Scientific classification
- Kingdom: Animalia
- Phylum: Chordata
- Class: Aves
- Order: Cuculiformes
- Family: Cuculidae
- Genus: Coccycua
- Species: C. pumila
- Binomial name: Coccycua pumila (Strickland, 1852)
- Synonyms: Coccyzus pumilus Strickland, 1852 Micrococcyx pumilus (Strickland, 1852)

= Dwarf cuckoo =

- Genus: Coccycua
- Species: pumila
- Authority: (Strickland, 1852)
- Conservation status: LC
- Synonyms: Coccyzus pumilus Strickland, 1852, Micrococcyx pumilus (Strickland, 1852)

Species of bird

The dwarf cuckoo (Coccycua pumila) is a tropical American bird species of the cuckoo family (Cuculidae).

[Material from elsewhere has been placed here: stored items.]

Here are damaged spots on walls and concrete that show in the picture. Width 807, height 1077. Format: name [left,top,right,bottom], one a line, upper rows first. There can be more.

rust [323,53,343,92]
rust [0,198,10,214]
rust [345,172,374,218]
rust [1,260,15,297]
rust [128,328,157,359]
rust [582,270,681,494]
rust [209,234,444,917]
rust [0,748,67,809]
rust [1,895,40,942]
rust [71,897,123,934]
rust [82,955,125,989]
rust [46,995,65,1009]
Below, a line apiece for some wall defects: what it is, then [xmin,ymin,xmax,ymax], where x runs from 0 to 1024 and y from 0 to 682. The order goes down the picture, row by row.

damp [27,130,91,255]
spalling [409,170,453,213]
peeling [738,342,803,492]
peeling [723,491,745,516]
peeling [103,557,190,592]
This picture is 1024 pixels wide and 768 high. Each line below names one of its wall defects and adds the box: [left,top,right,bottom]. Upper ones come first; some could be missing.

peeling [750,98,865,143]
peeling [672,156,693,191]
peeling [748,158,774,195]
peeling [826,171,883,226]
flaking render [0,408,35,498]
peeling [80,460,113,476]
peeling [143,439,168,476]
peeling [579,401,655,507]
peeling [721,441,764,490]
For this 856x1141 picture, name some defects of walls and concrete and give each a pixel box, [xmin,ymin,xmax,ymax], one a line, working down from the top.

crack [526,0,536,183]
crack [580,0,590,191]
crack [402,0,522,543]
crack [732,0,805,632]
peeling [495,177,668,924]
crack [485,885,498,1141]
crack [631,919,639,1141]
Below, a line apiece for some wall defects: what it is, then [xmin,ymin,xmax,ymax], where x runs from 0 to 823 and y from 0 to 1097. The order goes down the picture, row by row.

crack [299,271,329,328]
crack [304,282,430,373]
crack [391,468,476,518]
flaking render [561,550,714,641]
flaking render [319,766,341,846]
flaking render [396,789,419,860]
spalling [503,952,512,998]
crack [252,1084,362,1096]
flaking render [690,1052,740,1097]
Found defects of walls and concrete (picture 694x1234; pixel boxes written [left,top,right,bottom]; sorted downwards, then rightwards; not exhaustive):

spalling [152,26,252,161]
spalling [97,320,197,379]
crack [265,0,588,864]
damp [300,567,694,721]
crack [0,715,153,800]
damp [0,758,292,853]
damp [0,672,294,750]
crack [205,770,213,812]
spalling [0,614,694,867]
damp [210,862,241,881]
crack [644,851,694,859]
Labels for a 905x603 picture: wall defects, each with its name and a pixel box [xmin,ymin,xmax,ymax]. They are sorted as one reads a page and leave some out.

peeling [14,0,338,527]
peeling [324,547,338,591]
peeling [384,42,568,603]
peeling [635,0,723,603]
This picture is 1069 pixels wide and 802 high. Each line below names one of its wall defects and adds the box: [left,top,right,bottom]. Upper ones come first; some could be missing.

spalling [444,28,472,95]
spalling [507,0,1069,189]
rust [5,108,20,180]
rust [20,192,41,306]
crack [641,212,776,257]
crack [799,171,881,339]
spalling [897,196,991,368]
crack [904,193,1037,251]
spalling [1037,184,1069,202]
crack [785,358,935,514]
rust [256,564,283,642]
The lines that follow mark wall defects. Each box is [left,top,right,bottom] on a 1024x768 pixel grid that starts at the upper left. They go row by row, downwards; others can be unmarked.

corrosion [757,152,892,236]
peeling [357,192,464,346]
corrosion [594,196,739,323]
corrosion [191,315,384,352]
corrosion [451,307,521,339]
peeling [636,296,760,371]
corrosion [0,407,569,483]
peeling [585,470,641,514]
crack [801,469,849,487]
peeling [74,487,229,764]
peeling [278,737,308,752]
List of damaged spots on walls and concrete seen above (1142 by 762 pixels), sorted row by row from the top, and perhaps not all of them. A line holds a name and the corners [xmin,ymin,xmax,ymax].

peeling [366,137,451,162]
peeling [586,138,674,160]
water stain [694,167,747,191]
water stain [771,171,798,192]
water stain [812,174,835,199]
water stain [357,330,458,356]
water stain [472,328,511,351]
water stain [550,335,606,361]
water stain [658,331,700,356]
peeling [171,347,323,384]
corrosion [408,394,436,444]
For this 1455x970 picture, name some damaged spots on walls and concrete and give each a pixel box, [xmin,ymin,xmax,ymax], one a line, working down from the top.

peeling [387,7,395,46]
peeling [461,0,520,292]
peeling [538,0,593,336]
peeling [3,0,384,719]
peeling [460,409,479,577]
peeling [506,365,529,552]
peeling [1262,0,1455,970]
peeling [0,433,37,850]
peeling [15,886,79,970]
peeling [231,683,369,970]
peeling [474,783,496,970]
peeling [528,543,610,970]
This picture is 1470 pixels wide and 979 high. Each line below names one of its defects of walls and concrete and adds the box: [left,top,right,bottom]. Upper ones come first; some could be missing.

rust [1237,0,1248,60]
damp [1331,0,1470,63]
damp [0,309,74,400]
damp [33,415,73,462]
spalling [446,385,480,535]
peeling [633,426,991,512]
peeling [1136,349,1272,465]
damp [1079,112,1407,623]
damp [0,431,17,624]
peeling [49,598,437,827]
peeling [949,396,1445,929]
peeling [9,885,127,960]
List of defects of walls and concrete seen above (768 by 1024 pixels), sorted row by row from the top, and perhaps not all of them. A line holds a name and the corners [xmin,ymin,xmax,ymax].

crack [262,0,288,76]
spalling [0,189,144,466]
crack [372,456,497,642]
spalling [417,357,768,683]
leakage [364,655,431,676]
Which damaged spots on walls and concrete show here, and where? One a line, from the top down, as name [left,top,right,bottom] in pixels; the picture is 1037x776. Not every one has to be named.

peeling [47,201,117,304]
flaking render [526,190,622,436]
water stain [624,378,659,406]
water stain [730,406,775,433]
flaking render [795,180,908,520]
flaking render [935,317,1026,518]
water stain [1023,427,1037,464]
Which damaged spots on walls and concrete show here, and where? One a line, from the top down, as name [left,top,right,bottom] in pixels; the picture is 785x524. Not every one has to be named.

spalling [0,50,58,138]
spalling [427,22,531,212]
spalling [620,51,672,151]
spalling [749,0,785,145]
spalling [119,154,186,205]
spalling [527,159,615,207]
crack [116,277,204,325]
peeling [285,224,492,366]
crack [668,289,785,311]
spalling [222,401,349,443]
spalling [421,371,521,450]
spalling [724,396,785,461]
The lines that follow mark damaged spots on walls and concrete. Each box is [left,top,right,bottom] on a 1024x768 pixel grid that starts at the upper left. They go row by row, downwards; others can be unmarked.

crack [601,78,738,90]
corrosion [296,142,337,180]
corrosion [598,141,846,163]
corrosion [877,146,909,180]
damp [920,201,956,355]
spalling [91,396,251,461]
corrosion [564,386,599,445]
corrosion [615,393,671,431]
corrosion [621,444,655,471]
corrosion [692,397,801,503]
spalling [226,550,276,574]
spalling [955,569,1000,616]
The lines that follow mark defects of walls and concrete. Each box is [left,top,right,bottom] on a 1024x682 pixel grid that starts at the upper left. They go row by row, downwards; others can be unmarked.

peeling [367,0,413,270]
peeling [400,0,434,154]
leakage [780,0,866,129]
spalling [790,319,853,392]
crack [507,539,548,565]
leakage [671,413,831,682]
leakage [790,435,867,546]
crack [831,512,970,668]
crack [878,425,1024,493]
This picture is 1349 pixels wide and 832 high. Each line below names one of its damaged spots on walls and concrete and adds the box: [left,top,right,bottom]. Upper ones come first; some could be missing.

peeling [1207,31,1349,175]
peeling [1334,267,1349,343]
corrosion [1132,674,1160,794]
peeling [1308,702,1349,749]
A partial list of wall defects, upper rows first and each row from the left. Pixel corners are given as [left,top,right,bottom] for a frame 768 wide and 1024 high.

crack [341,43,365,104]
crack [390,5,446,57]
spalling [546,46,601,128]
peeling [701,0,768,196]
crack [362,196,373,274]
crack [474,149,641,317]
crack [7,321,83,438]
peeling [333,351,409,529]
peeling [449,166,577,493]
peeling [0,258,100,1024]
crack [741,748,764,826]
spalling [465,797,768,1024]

It was formerly placed in the genus Coccyzus or Micrococcyx. Following the discovery that it belongs to a distinct lineage around the little cuckoo, the genus Coccycua has been reinstated for these.

It is found in Brazil, Colombia, Panama, and Venezuela. Its natural habitats are subtropical or tropical dry forest, subtropical or tropical moist lowland forest, and heavily degraded former forest.